What you have to do
Each entry below is to be given again word for word, with no pictures.

····················

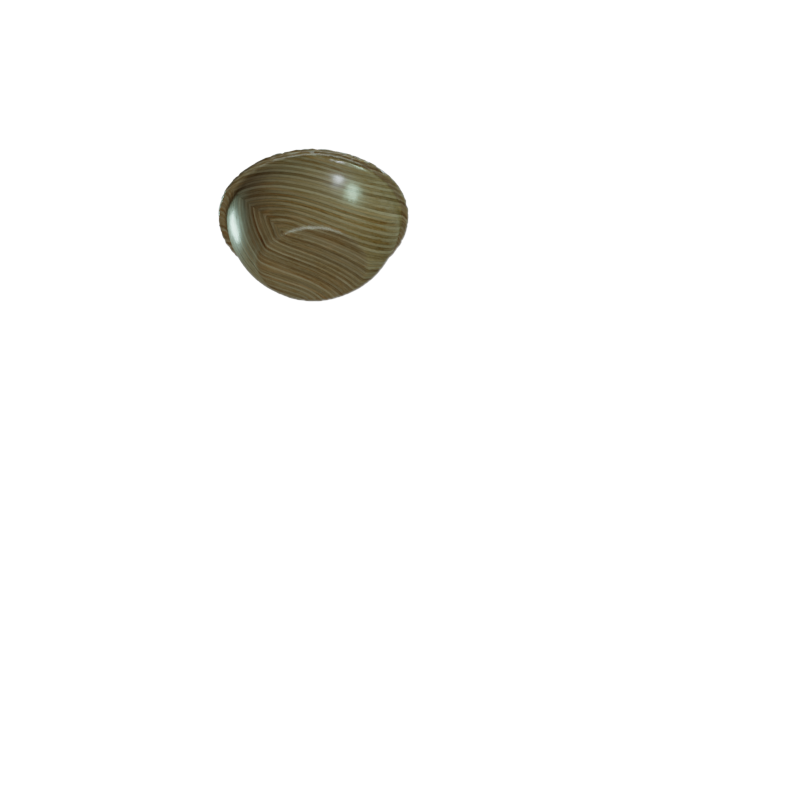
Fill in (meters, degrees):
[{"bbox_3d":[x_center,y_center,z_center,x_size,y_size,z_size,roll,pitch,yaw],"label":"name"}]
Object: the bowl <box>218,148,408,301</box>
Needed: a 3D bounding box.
[{"bbox_3d":[-0.072,-0.132,0.923,0.162,0.059,0.151,1,-39,-1],"label":"bowl"}]

····················

Response
Fill in (meters, degrees):
[{"bbox_3d":[x_center,y_center,z_center,x_size,y_size,z_size,roll,pitch,yaw],"label":"name"}]
Object: the bowl <box>218,148,408,301</box>
Needed: a 3D bounding box.
[{"bbox_3d":[-0.072,-0.132,0.923,0.162,0.059,0.151,1,-39,-1],"label":"bowl"}]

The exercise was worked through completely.